Let's get a few things straight. I'm bias. I'm stubborn. I judge and because of this, often I feel I am right. I know that I am not alone in this and sure, some might write this off another way for me to feel superiority over the next guy in being able to acknowledge this. This does not mean that I am afraid to engage in discussion on any number of topics or perspectives. I'll value your insight, thought and will challenge you with questions as I wade through what I may believe.
Wow, talk about dropping a bomb just to say I got some new shoes that are 'cycling' specific.
I am privileged to be able to spend a few minutes out of my day roaming the internet super highway looking to see what's being said and done in the cycling world for work. One of the sites that I frequent like many is over at Prolly is not Probably via Fourteen Teeth. He's had a DVS banner up for some time and has been rocking the DVS/Cadence collaboration for most of the summer. Ever since I caught wind of these I've been interested in getting a pair but didn't find a need since my Adidas Sambas have been holding up great after around a year of use, along with a dip in the Louisiana swamp back in March. All good things must come to an end, as 3 weeks ago the heel began to finally give way and so I ordered up a pair of these.

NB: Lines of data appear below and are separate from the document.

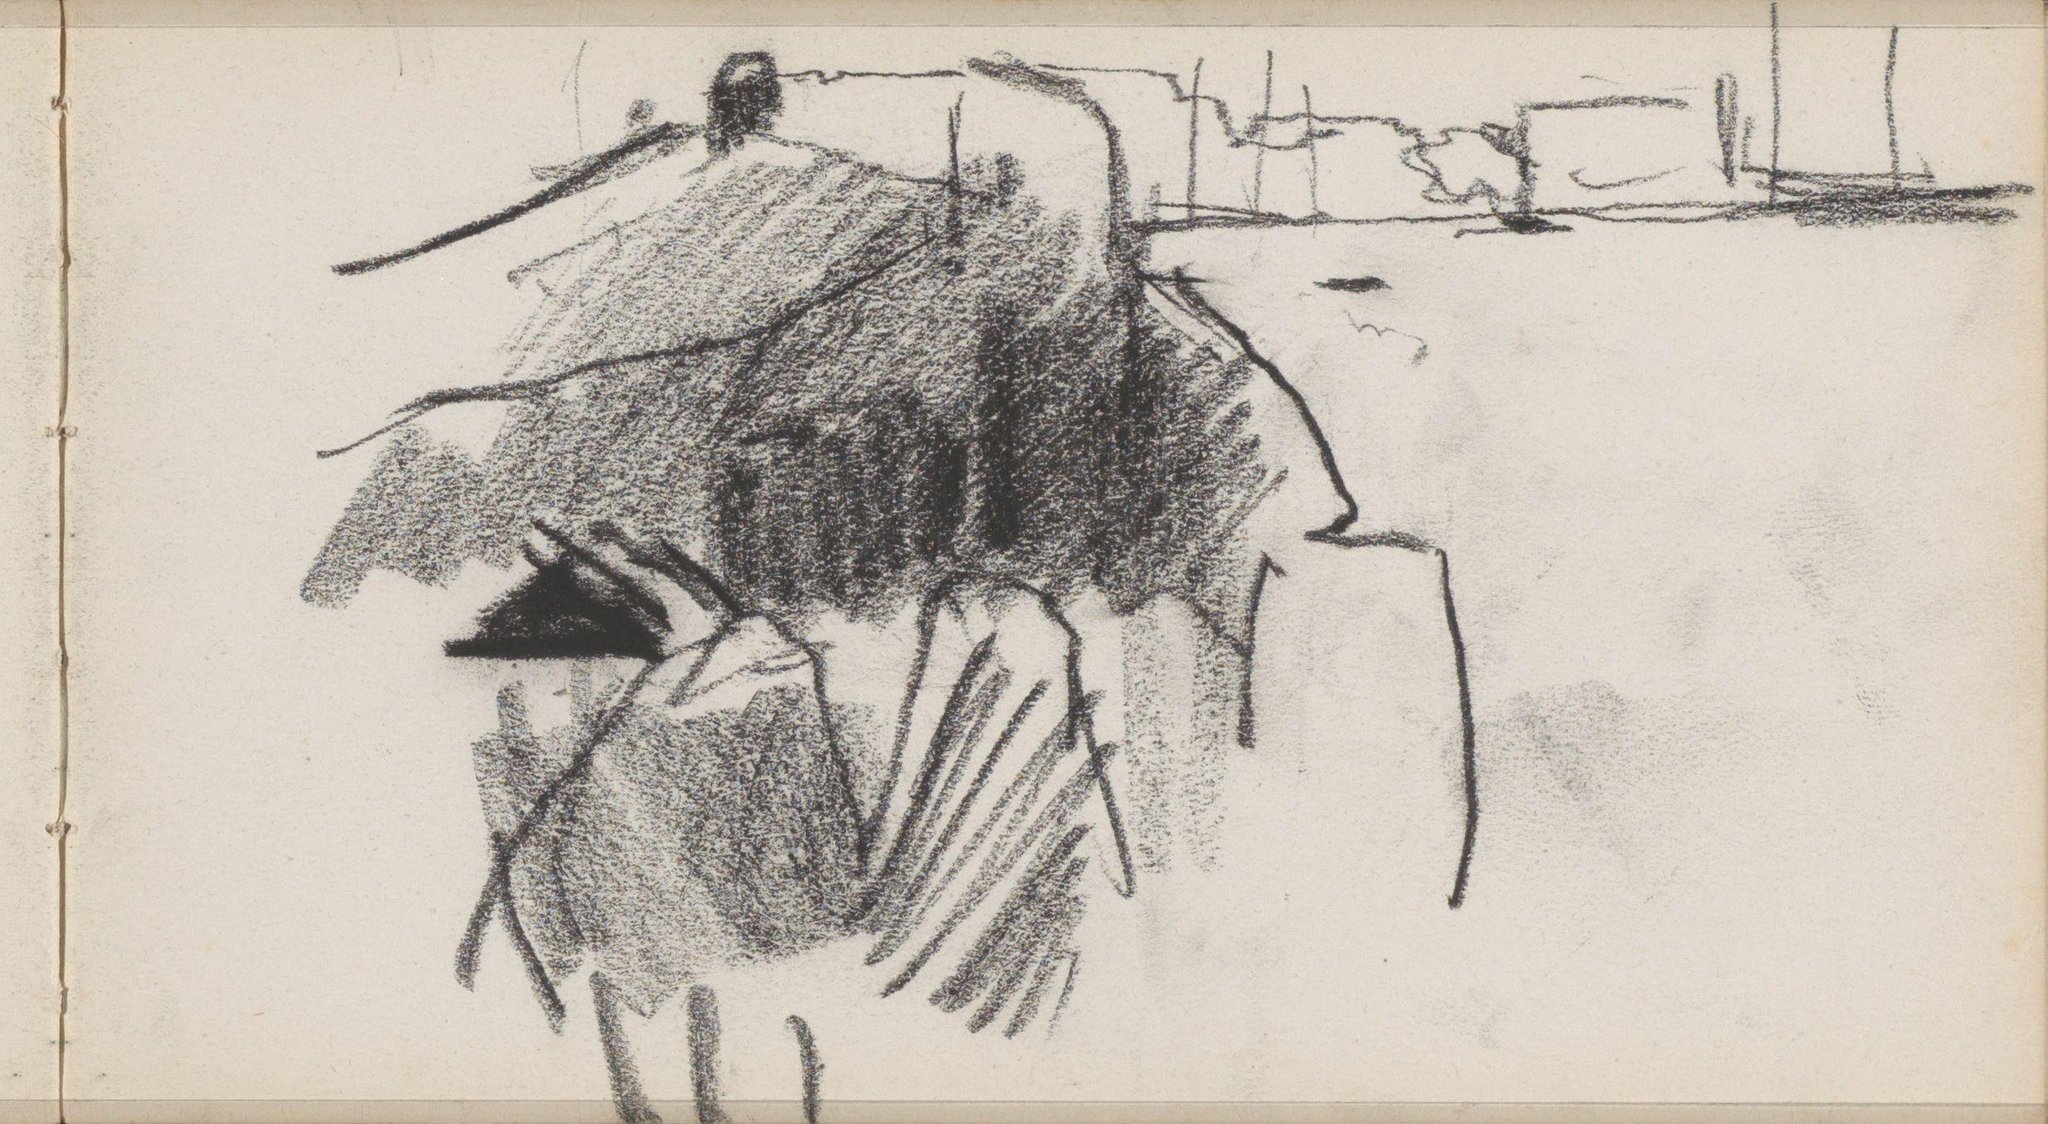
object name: sketchbook leaf
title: Studie, mogelijk van een stadsgezicht met water
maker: george hendrik breitner
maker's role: draughtsman, painter, print maker
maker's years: 1857-1923
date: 1886-1923
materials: chalk, paper
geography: amsterdam
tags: ships (in general), canals, waters (in city)
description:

I had my hesitations about a pseudo-cycling shoe by DVS, given the obvious fact that they have primarily been a skate company. Don't get me wrong, I rocked DVS's back in my emo kid days but having aged to become the grown-up emo kid/hipster [yes, I don't deny it like some] of sorts, the width of my shoes have become rather important for a few reasons.
First, let's not deny aesthetics. The downfall of skate shoes can be the brick like appearance, especially with the wave of bootcut/girl pants. Yet at the same time, too narrow of a show can give the impression of... well, I don't know but I think we can all agree that some thing isn't right. Secondly, as mentioned before width. Width comes into play especially when running toe clips, thus was my draw to the Adidas'. The last thing I want to have to do is struggle to get my foot in the clip while riding. With DVS's background in skate was afraid that problem might occur.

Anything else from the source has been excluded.